Table 6 and Figure 7 depict the performance evaluation of three different imputation methods when predicting scores during the forecast period, wherein the Xgboost model achieved an accuracy of 78.37% under the mean imputation method, which was 2–5% higher than other models. Furthermore, the recall and F1 score of the Xgboost model was superior to all other models, while its precision was lower than the best model by 2%. Combining the information presented in the tables and figures, the Xgboost model under the mean imputation method demonstrated the most favorable performance in predicting scores during the forecast period.

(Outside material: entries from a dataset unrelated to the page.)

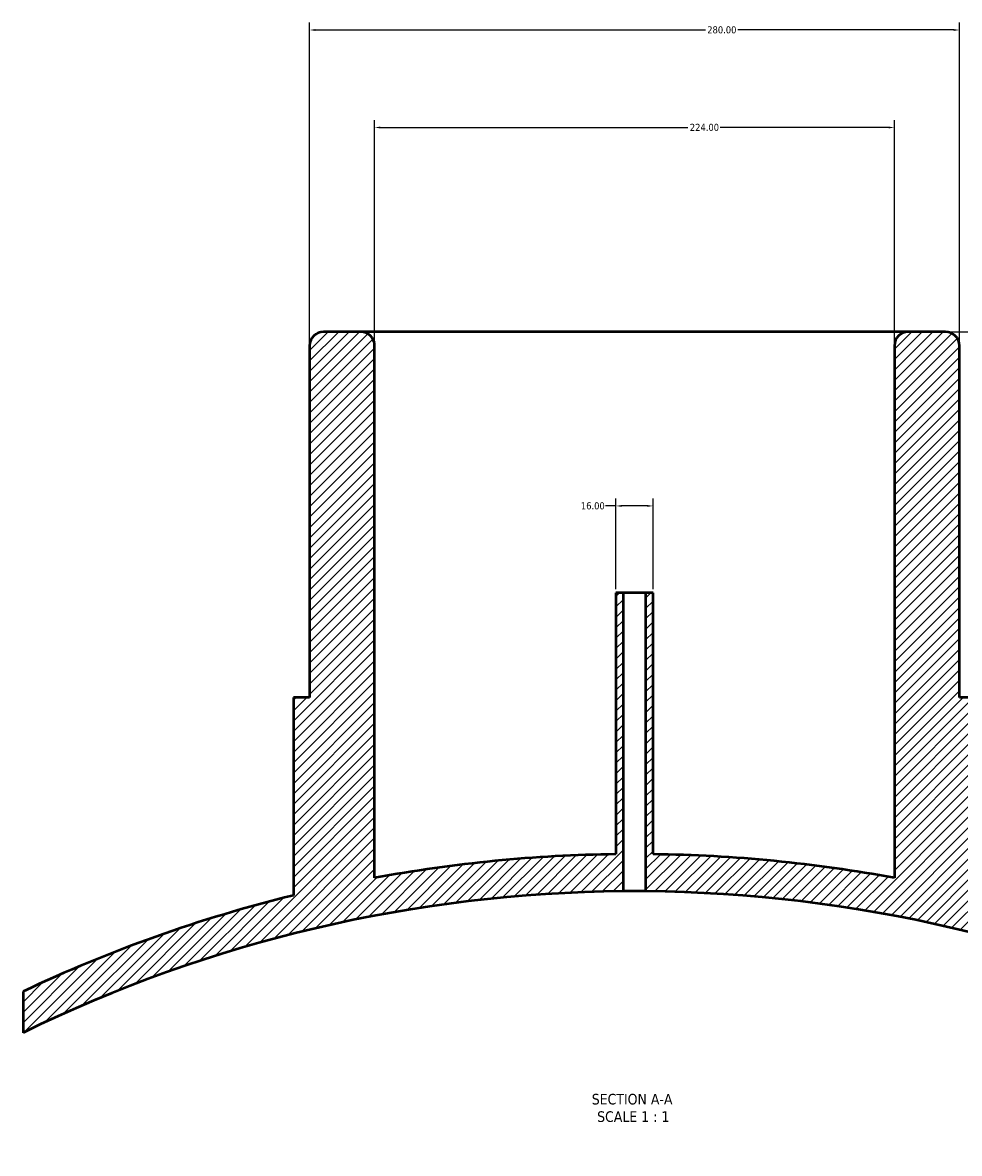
# Model space of a CAD drawing. Header units: millimetres. Extents: x -409 to 1797, y -460 to 2501.
# Tile 6 of 7: x 328 to 732, y 2014 to 2501. Entities that reach past the tile are written whole.
import ezdxf

# ---------------------------------------------------------------- set-up
doc = ezdxf.new("R2010")
doc.units = ezdxf.units.MM
for name, color, linetype, lineweight in [('Dimension (ANSI)', 7, 'Continuous', 25), ('Hatch (ANSI)', 7, 'Continuous', 18), ('Symbol (ANSI)', 7, 'Continuous', 25), ('Visible (ANSI)', 7, 'Continuous', 50)]:
    doc.layers.add(name, color=color, linetype=linetype, lineweight=lineweight)
doc.styles.add('Label Text (ANSI)', font='tahoma.ttf')
doc.styles.add('Note Text (ANSI)', font='tahoma.ttf')
doc.dimstyles.new('Default - mm (ANSI)', dxfattribs={"dimtxt": 3.04800009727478, "dimasz": 2.5, "dimexe": 3.174999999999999, "dimexo": 1.600199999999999, "dimgap": 0.8, "dimtad": 0, "dimtoh": 1, "dimrnd": 1e-08, "dimzin": 4, "dimdsep": 46, "dimtxsty": 'Note Text (ANSI)', "dimcen": 0.09, "dimdle": 10, "dimclrd": 256, "dimclre": 256, "dimclrt": 256, "dimadec": 1, "dimazin": 1, "dimtfac": 1, "dimtofl": 0, "dimtmove": 0, "dimatfit": 3, "dimfxl": 1, "dimtolj": 1, "dimtzin": 4, "dimlwd": -1, "dimlwe": -1, "dimarcsym": 0})

# ---------------------------------------------------------------- blocks, each defined once
blk = doc.blocks.new('*D7')
at = {"layer": 'Defpoints', "color": 0, "transparency": 16777216}
for p in [(731.531218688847, 2497.893646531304), (451.531218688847, 2361.893646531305), (731.531218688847, 2361.893646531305)]:
    blk.add_point(p, dxfattribs=at)
at = {"layer": 'Dimension (ANSI)', "transparency": 16777216}
for p, q in [((451.531218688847, 2363.493846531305), (451.531218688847, 2501.068646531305)), ((731.531218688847, 2363.493846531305), (731.531218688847, 2501.068646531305)), ((454.031218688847, 2497.893646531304), (622.0717611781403, 2497.893646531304)), ((729.031218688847, 2497.893646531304), (635.9906761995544, 2497.893646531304))]:
    blk.add_line(p, q, dxfattribs=at)
for points in [[(454.031218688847, 2498.310313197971), (454.031218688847, 2497.476979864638), (451.531218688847, 2497.893646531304)], [(729.031218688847, 2498.310313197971), (729.031218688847, 2497.476979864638), (731.531218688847, 2497.893646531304)]]:
    blk.add_solid(points, dxfattribs=at)
at = {"layer": 'Dimension (ANSI)', "transparency": 16777216, "insert": (622.8717611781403, 2499.487244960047), "char_height": 3.04800009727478, "attachment_point": 1, "style": 'Note Text (ANSI)'}
blk.add_mtext('\\A1;280.00', dxfattribs=at)
blk = doc.blocks.new('*D8')
at = {"layer": 'Defpoints', "color": 0, "transparency": 16777216}
for p in [(703.531218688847, 2455.893646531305), (479.531218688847, 2361.893646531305), (703.531218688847, 2361.893646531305)]:
    blk.add_point(p, dxfattribs=at)
at = {"layer": 'Dimension (ANSI)', "transparency": 16777216}
for p, q in [((479.531218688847, 2363.493846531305), (479.531218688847, 2459.068646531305)), ((482.031218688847, 2455.893646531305), (614.5717611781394, 2455.893646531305)), ((701.031218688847, 2455.893646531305), (628.4906761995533, 2455.893646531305)), ((703.531218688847, 2363.493846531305), (703.531218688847, 2459.068646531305))]:
    blk.add_line(p, q, dxfattribs=at)
for points in [[(482.031218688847, 2456.310313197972), (482.031218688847, 2455.476979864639), (479.531218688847, 2455.893646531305)], [(701.031218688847, 2456.310313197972), (701.031218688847, 2455.476979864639), (703.531218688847, 2455.893646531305)]]:
    blk.add_solid(points, dxfattribs=at)
at = {"layer": 'Dimension (ANSI)', "transparency": 16777216, "insert": (615.3717611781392, 2457.48110392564), "char_height": 3.04800009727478, "attachment_point": 1, "style": 'Note Text (ANSI)'}
blk.add_mtext('\\A1;224.00', dxfattribs=at)
blk = doc.blocks.new('*D9')
at = {"layer": 'Defpoints', "color": 0, "transparency": 16777216}
for p in [(599.531218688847, 2292.867765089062), (583.531218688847, 2255.393646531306), (599.531218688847, 2255.393646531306)]:
    blk.add_point(p, dxfattribs=at)
at = {"layer": 'Dimension (ANSI)', "transparency": 16777216}
for p, q in [((583.531218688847, 2256.993846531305), (583.531218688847, 2296.042765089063)), ((599.531218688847, 2256.993846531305), (599.531218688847, 2296.042765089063)), ((583.531218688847, 2292.867765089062), (579.0127503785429, 2292.867765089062)), ((597.031218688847, 2292.867765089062), (586.031218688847, 2292.867765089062))]:
    blk.add_line(p, q, dxfattribs=at)
for points in [[(586.031218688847, 2293.284431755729), (586.031218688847, 2292.451098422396), (583.531218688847, 2292.867765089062)], [(597.031218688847, 2293.284431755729), (597.031218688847, 2292.451098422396), (599.531218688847, 2292.867765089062)]]:
    blk.add_solid(points, dxfattribs=at)
at = {"layer": 'Dimension (ANSI)', "transparency": 16777216, "insert": (568.4218945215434, 2294.454198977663), "char_height": 3.04800009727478, "attachment_point": 1, "style": 'Note Text (ANSI)'}
blk.add_mtext('\\A1;16.00', dxfattribs=at)
blk = doc.blocks.new('*D10')
at = {"layer": 'Defpoints', "color": 0, "transparency": 16777216}
for p in [(777.081336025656, 2097.48207434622), (591.531218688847, 1526.893646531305)]:
    blk.add_point(p, dxfattribs=at)
at = {"layer": 'Dimension (ANSI)', "transparency": 16777216}
for p, q in [((776.3082105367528, 2095.104622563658), (747.7613421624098, 2007.319645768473)), ((591.531218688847, 1526.893646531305), (746.2092493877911, 2002.546777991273))]:
    blk.add_line(p, q, dxfattribs=at)
blk.add_solid([(775.9119685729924, 2095.233476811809), (776.7044525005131, 2094.975768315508), (777.081336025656, 2097.48207434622)], dxfattribs=at)
at = {"layer": 'Dimension (ANSI)', "transparency": 16777216, "insert": (739.5679497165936, 2006.519645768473), "char_height": 3.04800009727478, "attachment_point": 1, "style": 'Note Text (ANSI)'}
blk.add_mtext('\\A1;R600.00', dxfattribs=at)
blk = doc.blocks.new('*D11')
at = {"layer": 'Defpoints', "color": 0, "transparency": 16777216}
for p in [(709.5312186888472, 2367.893646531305), (591.531218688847, 1526.893646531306), (983.5312186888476, 1526.893646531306)]:
    blk.add_point(p, dxfattribs=at)
at = {"layer": 'Dimension (ANSI)', "transparency": 16777216}
for p, q in [((711.1314186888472, 2367.893646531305), (986.7062186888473, 2367.893646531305)), ((983.5312186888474, 2365.393646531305), (983.5312186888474, 1940.888926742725)), ((983.5312186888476, 1529.393646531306), (983.5312186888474, 1926.89836631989)), ((593.1314186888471, 1526.893646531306), (986.7062186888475, 1526.893646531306))]:
    blk.add_line(p, q, dxfattribs=at)
for points in [[(983.1145520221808, 2365.393646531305), (983.947885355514, 2365.393646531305), (983.5312186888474, 2367.893646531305)], [(983.1145520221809, 1529.393646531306), (983.9478853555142, 1529.393646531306), (983.5312186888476, 1526.893646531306)]]:
    blk.add_solid(points, dxfattribs=at)
at = {"layer": 'Dimension (ANSI)', "transparency": 16777216, "insert": (981.9376202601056, 1927.698366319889), "char_height": 3.04800009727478, "attachment_point": 1, "rotation": 90, "style": 'Note Text (ANSI)'}
blk.add_mtext('\\A1;841.00', dxfattribs=at)

msp = doc.modelspace()

# ---------------------------------------------------------------- hatches: boundary and pattern name
at = {"layer": 'Hatch (ANSI)'}
h = msp.add_hatch(dxfattribs=at)
h.set_pattern_fill('ANSI31', color=256, scale=25.4, style=0)
h.set_pattern_definition([(45, (0, 0), (-2.245064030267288, 2.245064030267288), [])])
edge = h.paths.add_edge_path()
edge.add_line((599.531218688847, 2255.393646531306), (596.331218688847, 2255.393646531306))
edge.add_line((596.331218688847, 2255.393646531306), (596.331218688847, 2126.874446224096))
edge.add_ellipse((591.5312186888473, 1526.893646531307), major_axis=(599.9807996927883, -4.799999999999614), ratio=1, start_angle=64.40764784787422, end_angle=90, ccw=False)
edge.add_line((855.031218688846, 2065.937012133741), (855.0312186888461, 2083.691410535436))
edge.add_ellipse((591.5312186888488, 1526.893646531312), major_axis=(-556.7977640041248, 263.4999999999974), ratio=1, start_angle=270, end_angle=281.5194000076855)
edge.add_line((738.5312186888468, 2125.096789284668), (738.531218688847, 2210.393646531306))
edge.add_line((738.531218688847, 2210.393646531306), (731.531218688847, 2210.393646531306))
edge.add_line((731.531218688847, 2210.393646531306), (731.531218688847, 2361.893646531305))
edge.add_ellipse((725.5312186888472, 2361.893646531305), major_axis=(2.842e-13, 5.999999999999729), ratio=1, start_angle=270, end_angle=360.0000000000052)
edge.add_line((725.531218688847, 2367.893646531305), (709.531218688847, 2367.893646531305))
edge.add_ellipse((709.531218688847, 2361.893646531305), major_axis=(-6.000000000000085, 1.78e-14), ratio=1, start_angle=270, end_angle=360.0000000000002)
edge.add_line((703.531218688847, 2361.893646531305), (703.5312186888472, 2132.626260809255))
edge.add_ellipse((591.5312186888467, 1526.893646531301), major_axis=(-605.732614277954, 112.0000000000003), ratio=1, start_angle=270, end_angle=279.7315597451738)
edge.add_line((599.5312186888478, 2142.84169628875), (599.531218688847, 2255.393646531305))
edge = h.paths.add_edge_path()
edge.add_line((586.7312186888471, 2255.393646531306), (583.531218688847, 2255.393646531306))
edge.add_line((583.531218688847, 2255.393646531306), (583.531218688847, 2142.841696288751))
edge.add_ellipse((591.5312186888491, 1526.893646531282), major_axis=(-615.9480497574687, -8.000000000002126), ratio=1, start_angle=270, end_angle=279.7315597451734)
edge.add_line((479.5312186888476, 2132.626260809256), (479.531218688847, 2361.893646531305))
edge.add_ellipse((473.5312186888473, 2361.893646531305), major_axis=(2.842e-13, 5.999999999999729), ratio=1, start_angle=270, end_angle=360.0000000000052)
edge.add_line((473.531218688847, 2367.893646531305), (457.531218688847, 2367.893646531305))
edge.add_ellipse((457.531218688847, 2361.893646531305), major_axis=(-6.000000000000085, 0), ratio=1, start_angle=270, end_angle=360)
edge.add_line((451.5312186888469, 2361.893646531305), (451.531218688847, 2210.393646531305))
edge.add_line((451.531218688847, 2210.393646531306), (444.531218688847, 2210.393646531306))
edge.add_line((444.531218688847, 2210.393646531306), (444.531218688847, 2125.096789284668))
edge.add_ellipse((591.5312186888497, 1526.893646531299), major_axis=(-598.203142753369, -147.0000000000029), ratio=1, start_angle=270, end_angle=281.5194000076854)
edge.add_line((328.0312186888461, 2083.691410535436), (328.0312186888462, 2065.937012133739))
edge.add_ellipse((591.5312186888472, 1526.893646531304), major_axis=(539.0433656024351, 263.5000000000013), ratio=1, start_angle=64.40764784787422, end_angle=90, ccw=False)
edge.add_line((586.7312186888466, 2126.874446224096), (586.731218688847, 2255.393646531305))

# ---------------------------------------------------------------- linework, layer by layer
at = {"layer": 'Visible (ANSI)'}
for p, q in [((473.531218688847, 2367.893646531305), (457.531218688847, 2367.893646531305)), ((709.531218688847, 2367.893646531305), (473.531218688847, 2367.893646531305)), ((725.531218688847, 2367.893646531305), (709.531218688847, 2367.893646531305)), ((451.531218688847, 2361.893646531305), (451.531218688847, 2210.393646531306)), ((479.531218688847, 2132.626260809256), (479.531218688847, 2361.893646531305)), ((703.531218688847, 2361.893646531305), (703.531218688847, 2132.626260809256)), ((731.531218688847, 2210.393646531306), (731.531218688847, 2361.893646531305)), ((586.7312186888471, 2255.393646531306), (583.531218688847, 2255.393646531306)), ((583.531218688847, 2255.393646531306), (583.531218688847, 2142.84169628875)), ((586.7312186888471, 2126.874446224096), (586.7312186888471, 2255.393646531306)), ((596.331218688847, 2255.393646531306), (586.7312186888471, 2255.393646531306)), ((599.531218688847, 2255.393646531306), (596.331218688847, 2255.393646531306)), ((596.331218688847, 2255.393646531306), (596.331218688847, 2126.874446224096)), ((599.531218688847, 2142.84169628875), (599.531218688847, 2255.393646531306)), ((451.531218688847, 2210.393646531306), (444.531218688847, 2210.393646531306)), ((444.531218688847, 2210.393646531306), (444.531218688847, 2125.096789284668)), ((738.531218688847, 2210.393646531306), (731.531218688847, 2210.393646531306)), ((328.0312186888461, 2083.691410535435), (328.0312186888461, 2065.937012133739))]:
    msp.add_line(p, q, dxfattribs=at)
for centre, radius, start, end in [((457.531218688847, 2361.893646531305), 6.000000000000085, 90, 180), ((473.5312186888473, 2361.893646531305), 5.999999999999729, 0, 90.00000000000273), ((709.531218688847, 2361.893646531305), 6.000000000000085, 90, 180), ((725.5312186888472, 2361.893646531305), 5.999999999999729, 0, 90.00000000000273), ((591.5312186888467, 1526.893646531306), 615.9999999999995, 90.74412195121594, 100.4756816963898), ((591.5312186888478, 1526.893646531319), 615.9999999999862, 79.52431830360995, 89.25587804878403), ((591.5312186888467, 1526.893646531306), 599.9999999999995, 90.45837112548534, 116.0507232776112), ((591.5312186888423, 1526.893646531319), 615.9999999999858, 103.8060714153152, 115.325471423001), ((591.5312186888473, 1526.893646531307), 599.9999999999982, 63.94927672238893, 89.54162887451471)]:
    msp.add_arc(centre, radius, start, end, dxfattribs=at)
msp.add_open_spline([(596.331218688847, 2126.874446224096), (596.331218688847, 2126.874446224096), (596.210768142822, 2126.875447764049), (595.7209097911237, 2126.879068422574), (595.3515021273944, 2126.881635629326), (594.4991603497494, 2126.88645727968), (593.9594127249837, 2126.889024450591), (592.7767927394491, 2126.892645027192), (592.133920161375, 2126.893646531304), (590.928517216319, 2126.893646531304), (590.2856446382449, 2126.892645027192), (589.1030246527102, 2126.889024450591), (588.5632770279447, 2126.88645727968), (587.7109352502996, 2126.881635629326), (587.3415275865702, 2126.879068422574), (586.8516692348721, 2126.875447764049), (586.7312186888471, 2126.874446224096), (586.7312186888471, 2126.874446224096)], degree=3, knots=[0, 0, 0, 0, 0.1808104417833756, 0.1808104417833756, 0.3616208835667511, 0.3616208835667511, 0.5424313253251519, 0.5424313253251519, 0.7232417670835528, 0.7232417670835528, 0.9040522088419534, 0.9040522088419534, 1.084862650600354, 1.084862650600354, 1.265673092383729, 1.265673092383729, 1.446483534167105, 1.446483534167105, 1.446483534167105, 1.446483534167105], dxfattribs=at)

# ---------------------------------------------------------------- texts
at = {"layer": 'Symbol (ANSI)', "char_height": 4.571999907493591, "attachment_point": 7, "style": 'Label Text (ANSI)'}
for s, insert in [('SECTION A-A', (573.1068035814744, 2034.967848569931)), ('SCALE 1 : 1', (575.4261490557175, 2027.454991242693))]:
    msp.add_mtext(s, dxfattribs=dict(at, insert=insert))

# ---------------------------------------------------------------- dimensions: what is measured, and where the dimension line sits
at = {"layer": 'Dimension (ANSI)'}
for base, p1, p2, angle, override, picture, middle in [((731.531218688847, 2497.893646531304), (451.531218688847, 2361.893646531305), (731.531218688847, 2361.893646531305), 180, {"dimgap": 0.8, "dimtoh": 0, "dimdec": 2, "dimtol": 0, "dimlim": 0, "dimtp": 0, "dimtm": 0, "dimtdec": 2, "dimatfit": 1}, '*D7', (629.0312186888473, 2497.893646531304)), ((983.5312186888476, 1526.893646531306), (709.531218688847, 2367.893646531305), (591.5312186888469, 1526.893646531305), 270, {"dimgap": 0.8, "dimtoh": 0, "dimdec": 2, "dimtol": 0, "dimlim": 0, "dimtp": 0, "dimtm": 0, "dimtdec": 2, "dimatfit": 1}, '*D11', (983.5312186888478, 1933.893646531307)), ((599.531218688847, 2292.867765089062), (583.531218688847, 2255.393646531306), (599.531218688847, 2255.393646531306), 180, {"dimgap": 0.8, "dimtoh": 0, "dimdec": 2, "dimtol": 0, "dimlim": 0, "dimtp": 0, "dimtm": 0, "dimtdec": 2, "dimatfit": 2}, '*D9', (573.3173224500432, 2292.867765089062))]:
    dim = msp.add_linear_dim(base=base, p1=p1, p2=p2, angle=angle, dimstyle='Default - mm (ANSI)', override=override, dxfattribs=at)
    dim.commit()
    dim.dimension.update_dxf_attribs({"geometry": picture, "text_midpoint": middle, "dimtype": 160})
dim = msp.add_linear_dim(base=(703.531218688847, 2455.893646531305), p1=(479.531218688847, 2361.893646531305), p2=(703.531218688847, 2361.893646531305), dimstyle='Default - mm (ANSI)', override={"dimgap": 0.8, "dimtoh": 0, "dimdec": 2, "dimtol": 0, "dimlim": 0, "dimtp": 0, "dimtm": 0, "dimtdec": 2, "dimatfit": 1}, dxfattribs=at)
dim.commit()
dim.dimension.update_dxf_attribs({"geometry": '*D8', "text_midpoint": (621.5312186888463, 2455.893646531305), "dimtype": 160})
dim = msp.add_radius_dim(center=(591.531218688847, 1526.893646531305), mpoint=(777.081336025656, 2097.48207434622), dimstyle='Default - mm (ANSI)', override={"dimgap": 0.8, "dimtih": 1, "dimdec": 2, "dimlfac": 1, "dimcen": 0, "dimdle": 0, "dimtol": 0, "dimlim": 0, "dimtp": 0, "dimtm": 0, "dimtdec": 2, "dimtmove": 2}, dxfattribs=at)
dim.commit()
dim.dimension.update_dxf_attribs({"geometry": '*D10', "text_midpoint": (746.9852957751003, 2004.933211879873), "dimtype": 164})

doc.saveas('drawing.dxf')

As demonstrated in Table 7 and Figure 8, under the random forest imputation method, the Gdbt, Adboost, and Lightgbm models attained the same accuracy evaluation indicator of 75.67%, which was 2–10% higher than other models in terms of accuracy. However, the Lightgbm model outperformed other models in terms of their recall and F1 score, while its precision was approximately 2% lower than the optimal model. Based on the comprehensive information presented in the tables and figures, the Lightgbm model under the random forest imputation method exhibited the most favorable performance in predicting end-of-period scores.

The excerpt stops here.